If anyone has any information I would appreciate it. I am camping right now and have limited internet so I will try to respond as soon as possible or by Tuesday at the latest. 

TIA, 
Susan


----------



## X-ring

_Message deleted. Ads not permitted in this forum. Karen G, moderator_


----------



## chellej

I rencently purchased a premier membership on ebay for $1 - They paid closing so I figured what do I have to loose.

From the paperwork I have received so far, I have x number of weeks that I can use over the next 25 years (amended to state until the weeks are used).  You only pay if you use or bank the week and from what I could tell, the AI fees were several hundred $$ less than through RCI or tour companies. You can use more than one week per year based on availability.

You get the one massage, pedicure and manicure/person and 2 tours. 20% off spa treatments. 5% off travel.
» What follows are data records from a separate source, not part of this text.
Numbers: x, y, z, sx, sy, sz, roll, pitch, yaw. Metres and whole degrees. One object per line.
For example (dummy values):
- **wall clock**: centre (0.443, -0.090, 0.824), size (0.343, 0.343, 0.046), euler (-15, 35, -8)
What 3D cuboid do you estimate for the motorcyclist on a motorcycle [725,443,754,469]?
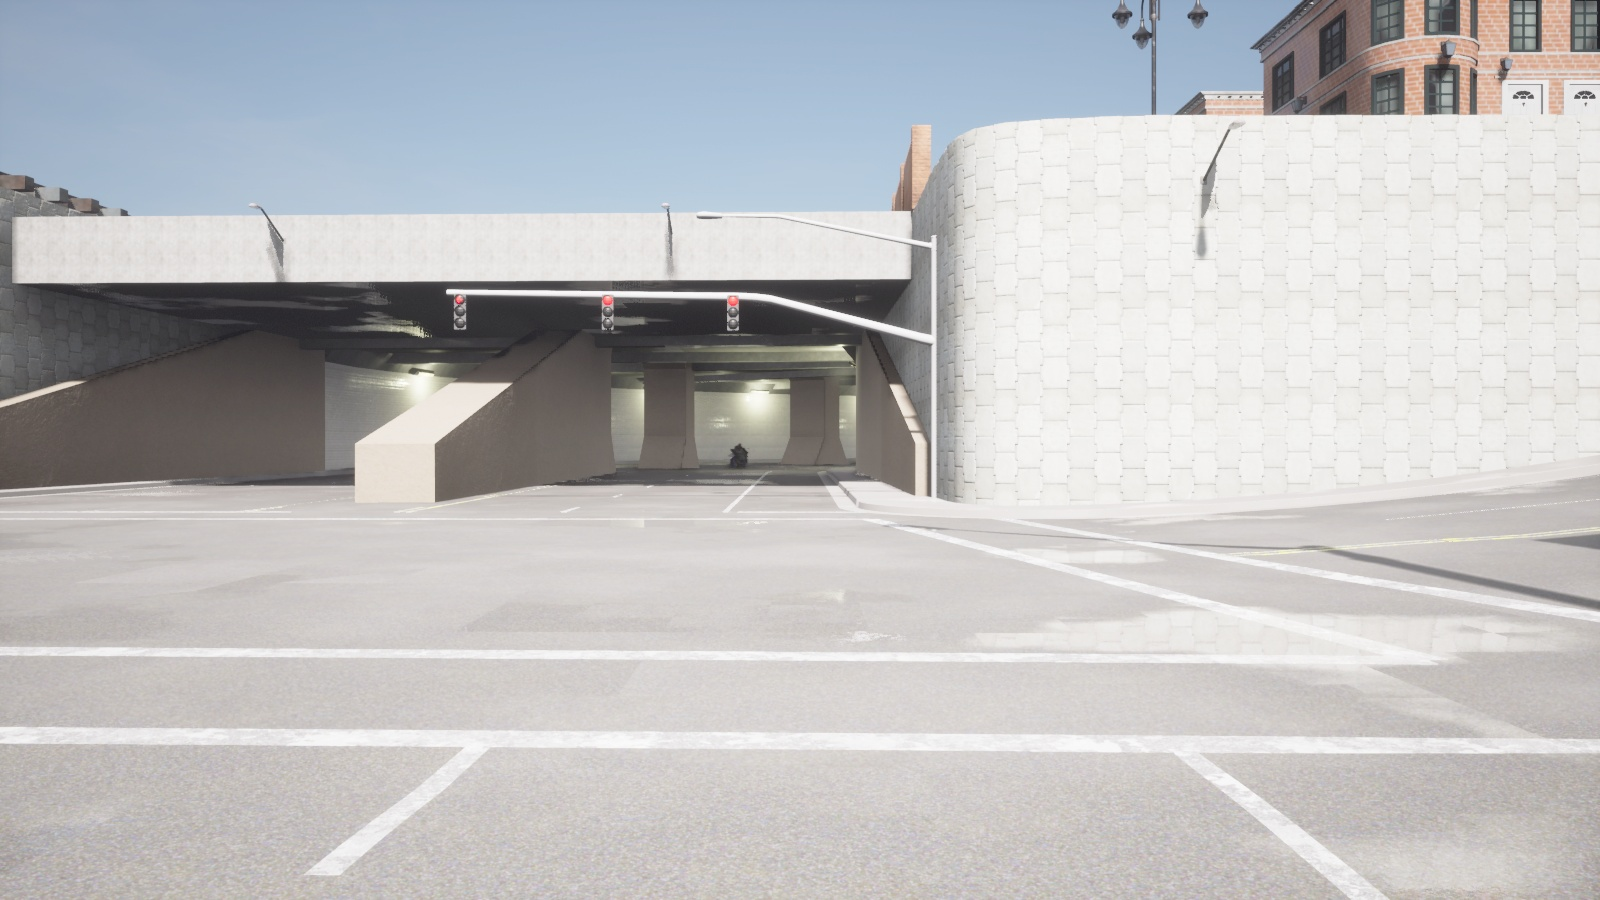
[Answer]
- **motorcyclist on a motorcycle**: centre (-3.662, 0.346, 76.601), size (0.866, 1.530, 2.191), euler (1, 0, 24)
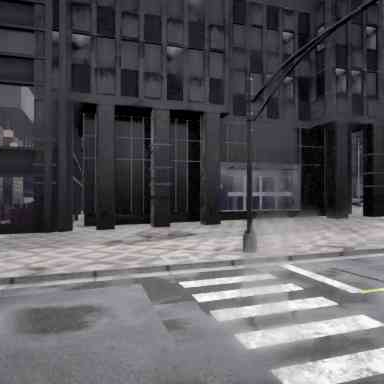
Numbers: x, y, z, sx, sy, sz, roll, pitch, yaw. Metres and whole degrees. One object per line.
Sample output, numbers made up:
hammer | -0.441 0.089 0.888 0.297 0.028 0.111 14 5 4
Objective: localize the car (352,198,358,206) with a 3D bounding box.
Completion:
car | 22.537 1.318 49.292 1.994 1.385 4.181 0 -1 -16
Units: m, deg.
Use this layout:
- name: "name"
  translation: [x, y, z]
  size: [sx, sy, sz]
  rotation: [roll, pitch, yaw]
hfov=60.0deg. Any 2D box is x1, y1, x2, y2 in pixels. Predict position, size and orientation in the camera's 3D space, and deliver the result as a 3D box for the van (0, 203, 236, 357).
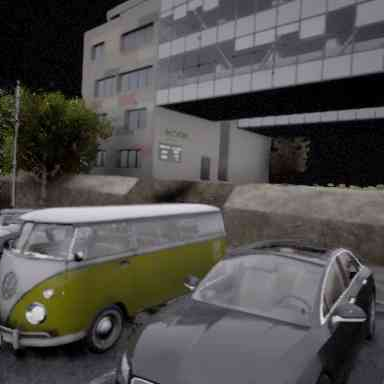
- name: "van"
  translation: [-1.156, 1.225, 5.961]
  size: [1.878, 1.987, 4.442]
  rotation: [0, 0, 35]
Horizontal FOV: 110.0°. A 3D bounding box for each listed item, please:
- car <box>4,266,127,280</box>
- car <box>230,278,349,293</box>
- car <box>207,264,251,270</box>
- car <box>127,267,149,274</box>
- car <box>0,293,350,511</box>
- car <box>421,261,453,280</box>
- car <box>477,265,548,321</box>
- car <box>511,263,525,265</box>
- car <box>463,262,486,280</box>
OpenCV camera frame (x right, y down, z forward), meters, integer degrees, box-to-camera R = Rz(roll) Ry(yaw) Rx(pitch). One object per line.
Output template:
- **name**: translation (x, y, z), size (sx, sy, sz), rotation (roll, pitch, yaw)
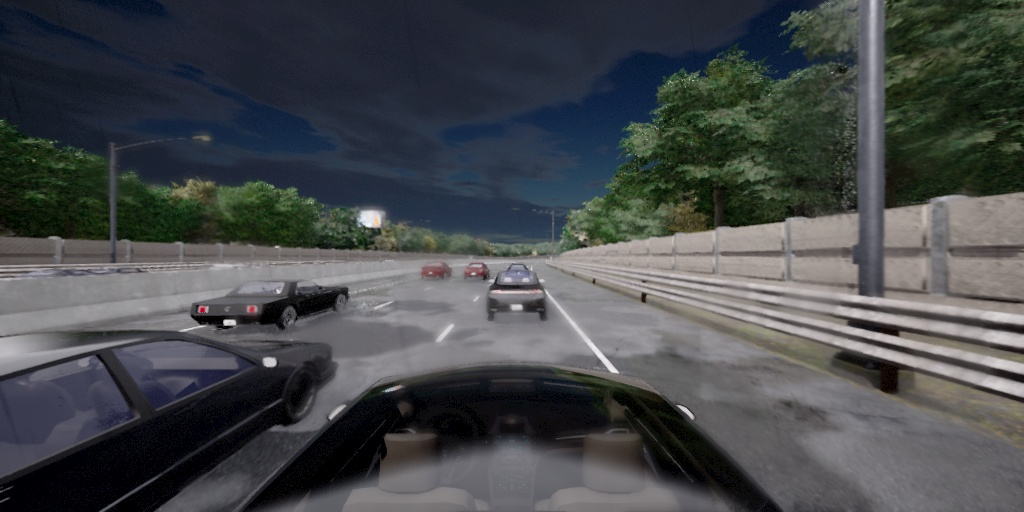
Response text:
- **car**: translation (-20.975, 1.281, 16.400), size (1.994, 1.385, 4.181), rotation (0, 0, 1)
- **car**: translation (-6.846, 1.331, 10.958), size (1.895, 1.301, 4.718), rotation (0, 0, 0)
- **car**: translation (-17.375, 1.245, 21.774), size (1.812, 1.442, 4.674), rotation (0, 0, 1)
- **car**: translation (-24.390, 1.315, 21.664), size (1.895, 1.301, 4.718), rotation (0, 0, 1)
- **car**: translation (-3.393, 1.294, 2.634), size (2.033, 1.411, 5.357), rotation (0, 0, 0)
- **car**: translation (-6.485, 1.219, 31.367), size (1.882, 1.535, 5.008), rotation (0, 0, 1)
- **car**: translation (0.172, 1.225, 12.412), size (2.128, 1.511, 4.902), rotation (0, 0, 1)
- **car**: translation (0.487, 1.309, 30.180), size (1.994, 1.385, 4.181), rotation (0, 0, 1)
- **car**: translation (-2.991, 1.270, 31.115), size (1.812, 1.442, 4.674), rotation (0, 0, 1)
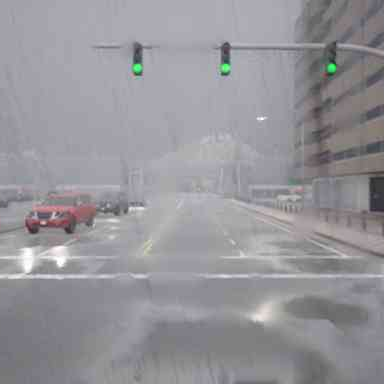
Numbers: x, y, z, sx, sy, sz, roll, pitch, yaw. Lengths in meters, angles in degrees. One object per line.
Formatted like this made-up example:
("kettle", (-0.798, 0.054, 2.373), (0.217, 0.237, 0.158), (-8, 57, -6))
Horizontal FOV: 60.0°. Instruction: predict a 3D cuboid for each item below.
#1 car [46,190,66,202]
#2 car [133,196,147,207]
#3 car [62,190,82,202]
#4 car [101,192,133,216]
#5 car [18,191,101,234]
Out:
("car", (-23.938, 0.674, 58.504), (1.905, 1.878, 3.866), (0, 0, 0))
("car", (-7.071, 1.219, 43.087), (1.994, 1.385, 4.181), (0, 1, 0))
("car", (-21.044, 0.673, 58.439), (1.932, 1.855, 4.605), (0, 0, 0))
("car", (-7.094, 0.997, 29.381), (2.150, 2.045, 5.566), (0, 0, 1))
("car", (-7.099, 1.088, 18.654), (2.150, 2.045, 5.566), (0, 0, 0))
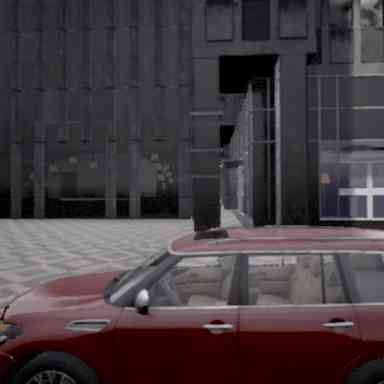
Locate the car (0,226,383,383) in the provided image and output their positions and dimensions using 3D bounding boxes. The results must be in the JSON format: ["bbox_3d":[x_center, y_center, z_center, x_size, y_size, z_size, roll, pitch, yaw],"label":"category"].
[{"bbox_3d":[0.400,1.358,3.806,5.009,1.841,2.192,0,-1,3],"label":"car"}]
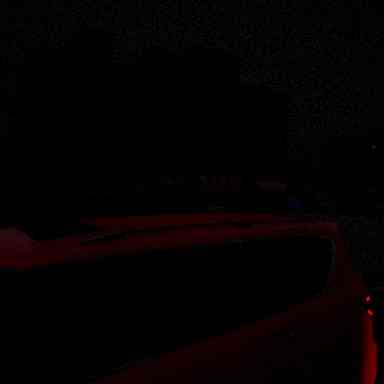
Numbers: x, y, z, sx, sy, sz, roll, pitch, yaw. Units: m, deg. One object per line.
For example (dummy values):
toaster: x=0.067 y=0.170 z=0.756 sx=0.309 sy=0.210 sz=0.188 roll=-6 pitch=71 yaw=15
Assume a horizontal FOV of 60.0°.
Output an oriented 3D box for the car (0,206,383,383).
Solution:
car: x=-0.822 y=1.227 z=2.484 sx=5.566 sy=2.045 sz=2.150 roll=1 pitch=0 yaw=-35

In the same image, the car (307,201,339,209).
car: x=16.869 y=1.914 z=43.166 sx=1.967 sy=1.590 sz=4.097 roll=1 pitch=-1 yaw=-36

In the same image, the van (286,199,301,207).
van: x=13.668 y=1.831 z=47.609 sx=1.690 sy=1.788 sz=3.998 roll=1 pitch=-1 yaw=-36

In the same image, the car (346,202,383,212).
car: x=20.070 y=1.898 z=38.724 sx=1.967 sy=1.590 sz=4.097 roll=1 pitch=-1 yaw=-36

A referral program  - for every 4 package referrals you get 2 plane tickets


----------



## rsonc

chellej said:


> A referral program  - for every 4 package referrals you get 2 plane tickets




Does that mean for every 4 people you send using your week you get 2 plane tickets or for every 4 people who purchase at the resort? 

Do you have a copy of the all inclusive fees? 

Thanks
Susan


----------



## Lenora

Buy on the resale market. They are selling very cheap. Beware though if you decide you want to sell it down the road, the fee to transfer to a new owner is very expensive. This turns a lot of buyers off.


----------



## rsonc

Thanks, 

I will only purchase my ts's resale. I know I can get more for my $$

how much are the transfer fees? 

The 2 that I saw on ebay only show the closing cost and no transfer fee. 

Thanks
Susan


----------



## wilma

Lenora said:


> Buy on the resale market. They are selling very cheap. Beware though if you decide you want to sell it down the road, the fee to transfer to a new owner is very expensive. This turns a lot of buyers off.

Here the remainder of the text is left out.